ISBN 978-0-596-52748-8 . USD 34.07

Reviewed by  Richard Austin   September 13, 2009 

Information security could be called many things: a head-on collision between people and technology, or a glistening Eldorado that lies forever tantalizingly just out of reach, but could it ever be called "beautiful"? In the preface, Oram opines that though information security (as opposed to "hacking") is often perceived as boring, it is "not tedious, not bureaucratic, and not constraining. In fact, it exercises the imagination like nothing else in technology" (p., xii). The following 16 chapters provide opportunities for well-known experts (the author list reads like a "Who's Who" of the security industry) to describe their particular specialty and give a glimpse of why they find it fascinating and even, perhaps, beautiful.

The topics surveyed cover a broad expanse of the security landscape, for example, "Mudge" Zatko's take on "Psychological Security Traps" (where he introduces the very useful concept of "learned helplessness" as the reason for why so many give up on "doing the good they know they should do") , Phil Zimmermann and Jon Callas's "The Evolution of PGP's Web of Trust", Randy Sabettt's "Oh No, here come the information security lawyers!" and Anton Chuvakin's "Beautiful Log Handling".

The authors do a great job of keeping to a high level presentation and avoiding the temptation to delve into technical detail. Perhaps the most "technical" material in the entire book is Mudge's discussion of how NTLM (Microsoft's NT LAN Manager) authentication hashes work, but that is done relatively painlessly with the aid of some great graphics.

With sixteen authors you might expect the quality of the writing to vary, and it does, sometimes seeming to lose sight of the collection's theme of "Beautiful Security". All in all, those are minor blemishes in a work that manages to give, in a scant 258 pages, a masterful overview of the themes of modern information security.
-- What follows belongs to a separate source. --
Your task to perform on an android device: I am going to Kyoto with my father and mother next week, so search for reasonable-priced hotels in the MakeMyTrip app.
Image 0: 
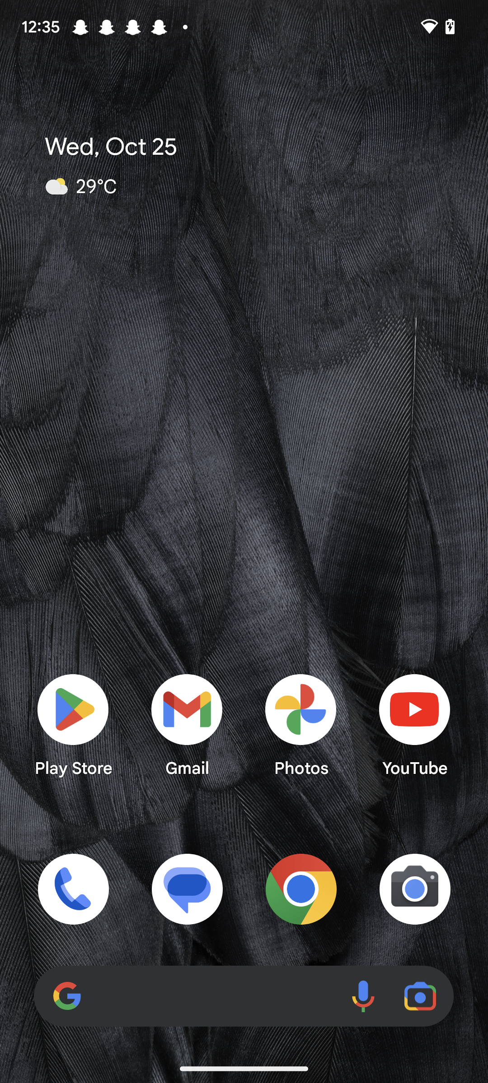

This book will appeal to a wide audience both inside and outside the security profession. For security professionals, it's a good antidote for our tendency to develop "tunnel vision" around our particular area of expertise by reminding us of just how broad our field really is. For the general reader, including those contemplating a career in information security but put off by the perception of it as endless repetition of "patch and pray", it's a very readable introduction to a critical and fascinating field of human endeavor.

The authors are to be commended for their decision to donate the royalties from the book to the IETF.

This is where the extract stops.